Марина взяла со стола старенький «Эль» и, вытянувшись, подала его подруге. Чувствуя опасность, встревоженная муха нервно забилась и тем самым последний раз обнаружила себя – теперь ее смерть приближалась стремительно.
– Окно не запачкай, – посоветовала Марина.
– Помоешь, – ответила Инга.
Дождавшись, когда большая зеленая муха отползет от рамы, Инга размахнулась и метко звезданула по насекомому. С коротким щелчком оно упало на подоконник.
– Готово.
– Размазала по стеклу?
– Ага. – Инга спрыгнула с табурета и вернулась за стол.
Ее взгляд, обращенный к подруге, был требовательным и негодующим.

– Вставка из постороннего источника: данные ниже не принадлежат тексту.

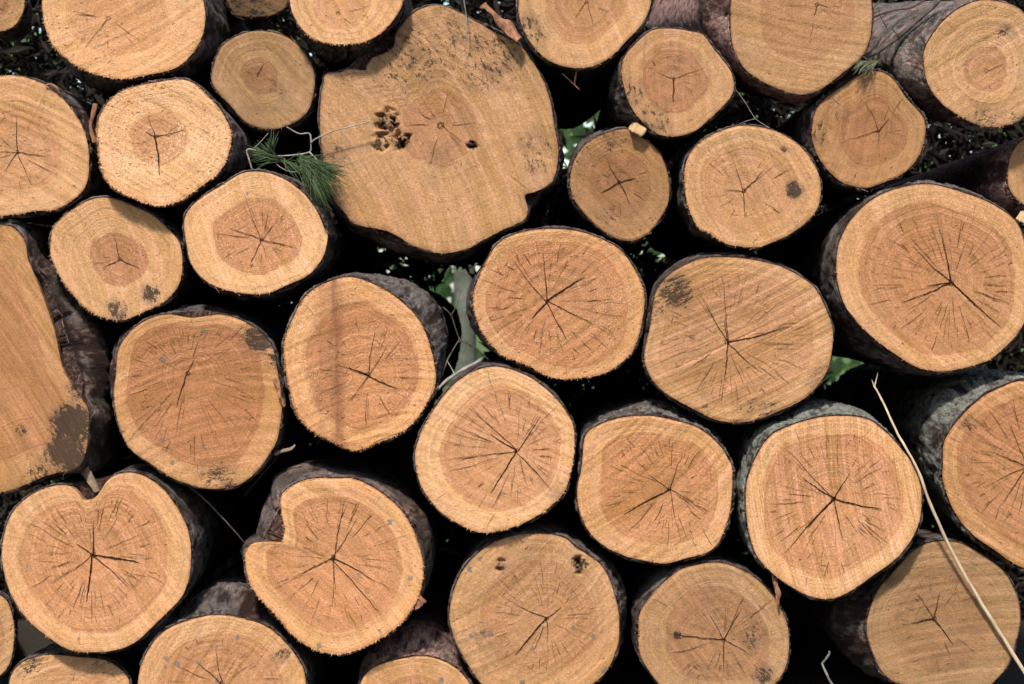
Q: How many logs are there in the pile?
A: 37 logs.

Девушка-неформалка вновь зажала в пальцах тающую сигарету.
– Что? – подняв брови, вопросила Марина.
– Да плюнь ты на него, вот что! – Инга неаккуратно сбила пепел с сигареты, и тот разлетелся по столу. – Зачем он тебе дался? Сама же говорила: холодный, ледяной. Ну?

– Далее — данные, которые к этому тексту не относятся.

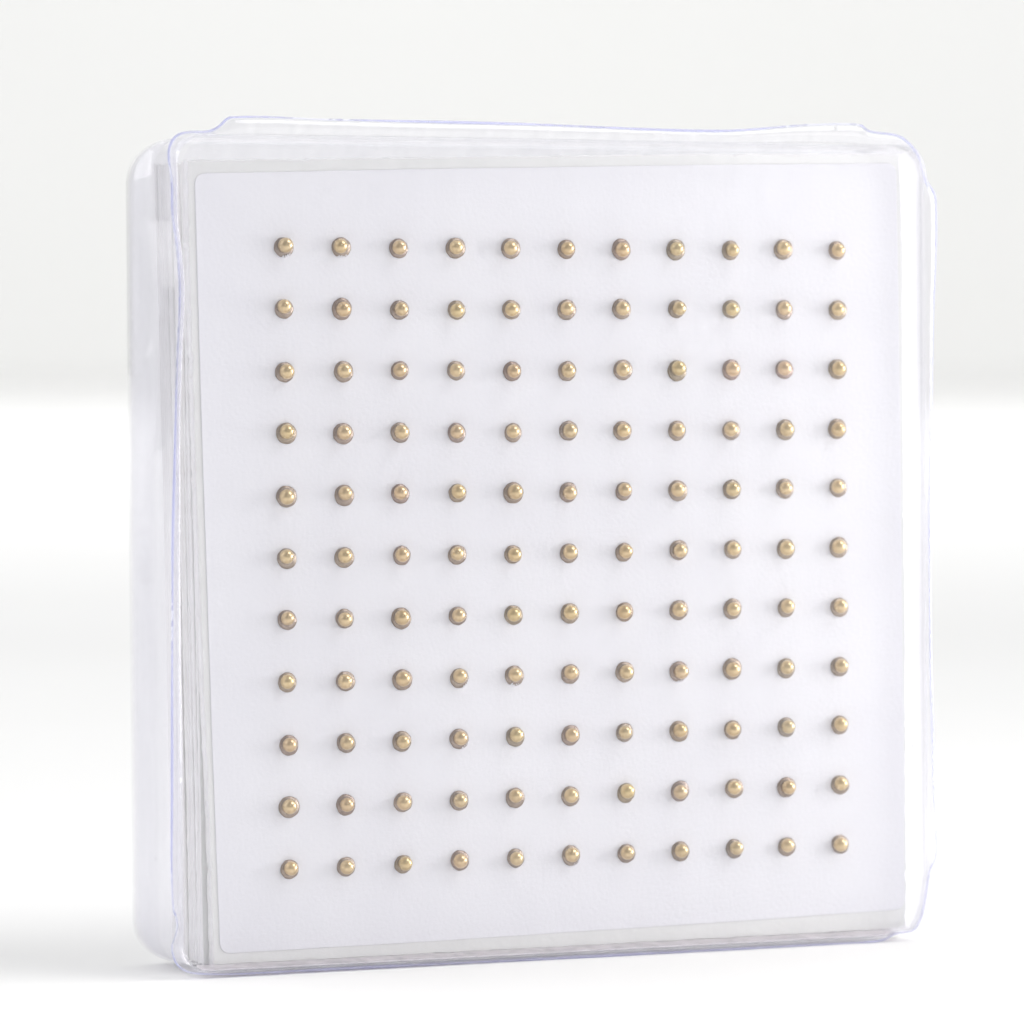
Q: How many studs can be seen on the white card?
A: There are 121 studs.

– Ты аккуратнее с сигаретой – дом сожжешь, – машинально кивнула Марина, думая совсем о другом.
– Не боись – потушим. – От возмущения она едва находила слова. – Ну и на кой он тебе сдался, раз ледяной? Владислав то, Владислав сё! А он на тебя ноль внимания. Какой парень сам тянется, хочет тебя, того и бери, не прогадаешь.
Марина аккуратно собрала пальцами комочки пепла и бросила их в пепельницу, вытерла влажной тряпкой руку.
– Ты его не видела – он такой… такой…
– Ну какой? Какой он?
– Неприступный. И очень красивый. Как Аполлон. Это бог такой у древних был – греческий красавчик.
– А-а! Ну прям заинтриговала. Художница, блин.
– Мы его сейчас как раз рисуем.
– Кого?
– Аполлона. В гипсе.
– Молодцы. Выходит, у вас сразу два Аполлона? Живой и каменный? И оба холодные. Везучая ты, Маринка, на мужиков!
– Он мне нравится, понимаешь? Его только разморозить надо. Я уже и так его касалась, и сяк. И за руку брала… на улице, месяц назад.
– Ну и как рука?
– Что?
– Температура какая? Тридцать шесть и шесть?
– Холодная рука. Если честно. – Марина не сдержала печальную улыбку. – Но очень красивая. И сильная, кстати. Мужская.
– Вот у Вадьки Комарова рука – мужская. Кипяток. Ладонь пылает. А на голую спину положит, сама загораешься. А на живот и ниже – все, пипец, огонь везде. Сразу хочу.
– Твой Комаров – дубина неотесанная. Животное. А Владислав – произведение искусства. И художник – супер. Талант.
– Говорю тебе: плюнь на него, произведение это. Ты сама – произведение. Конфетка. А сохнешь по ледышке. – Инга взяла руку подруги. – Была бы я лесби – сама бы соблазнила тебя.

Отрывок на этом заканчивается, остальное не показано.